TAKEN
George Floyd was murdered by police while I was at a weeklong printmaking residency.
It was hard to think about much of anything but the truth and how I was complicit. I needed a process, a durational practice to think and feel while keeping my hands busy.
I began with inking up and rolling out a deep shade of gray and placing a page over the surface. I sat at a table, taking the time necessary for narrow and wide lines and the spaces between them. Each page had its own tool. Some were thin and narrow, others were colorful. The shade of gray (darker to lighter) and the tool changed with each page. Parallel lines drawn lifting ink from below. Using the practice of trace monotype as a durational practice.
Back in my sun porch studio at home I painted Kakishibu over the surface of each page on one side. Kakishibu is fermented tannin juice from unripe persimmon. It is traditionally used to waterproof, insect proof and strengthen paper. One characteristic that I was particularly interested in was that it looks like blood and the color darkens over time. Applied slopply. Once dry, rough patches were sanded smooth.

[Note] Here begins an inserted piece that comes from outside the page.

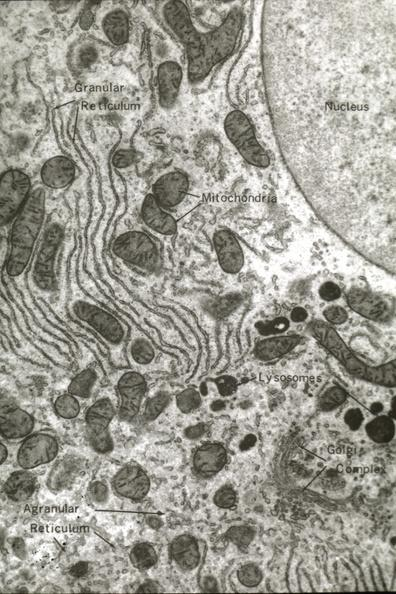does this image show structures labeled?
Answer the question using a single word or phrase. Yes 
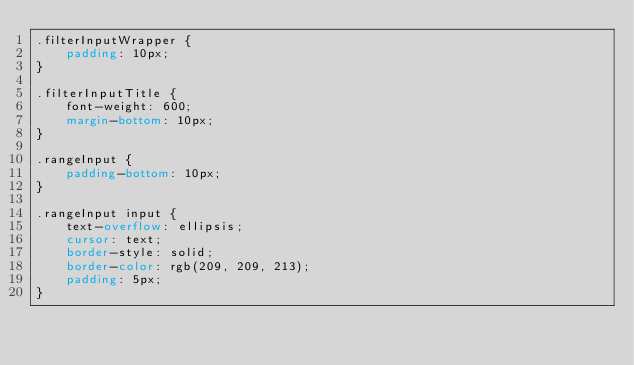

The front side was just as interesting as the backside. I realized that each page needed to be deconstructed and reassembled. The shade of the ink and the color of the tool felt just as important as the painted page. For reassembly I used machine stitches.
How to hold the pages, to collect the pages:
Returning to the same printmaking residency a year later I experimented with the foil press for limited text within the pages of TAKEN. A coptic binding would allow the long narrow pages to lie flat. I learned how to do each. It required several needles navigating the space beyond the edges. It required a focus that for me resulted in a janky edge that I’m absolutely okay with.
The cover needed to be something other than a hard surface. I have recently been experimenting with natural dyes. I had collected oak acorns and had made a potion. Among a collection of other fibers I also soaked the shirt my Dad had worn to his wedding. The book cover to TAKEN is a shroud. A shroud stitched from this formal shirt of my Dad who passed away in 1994.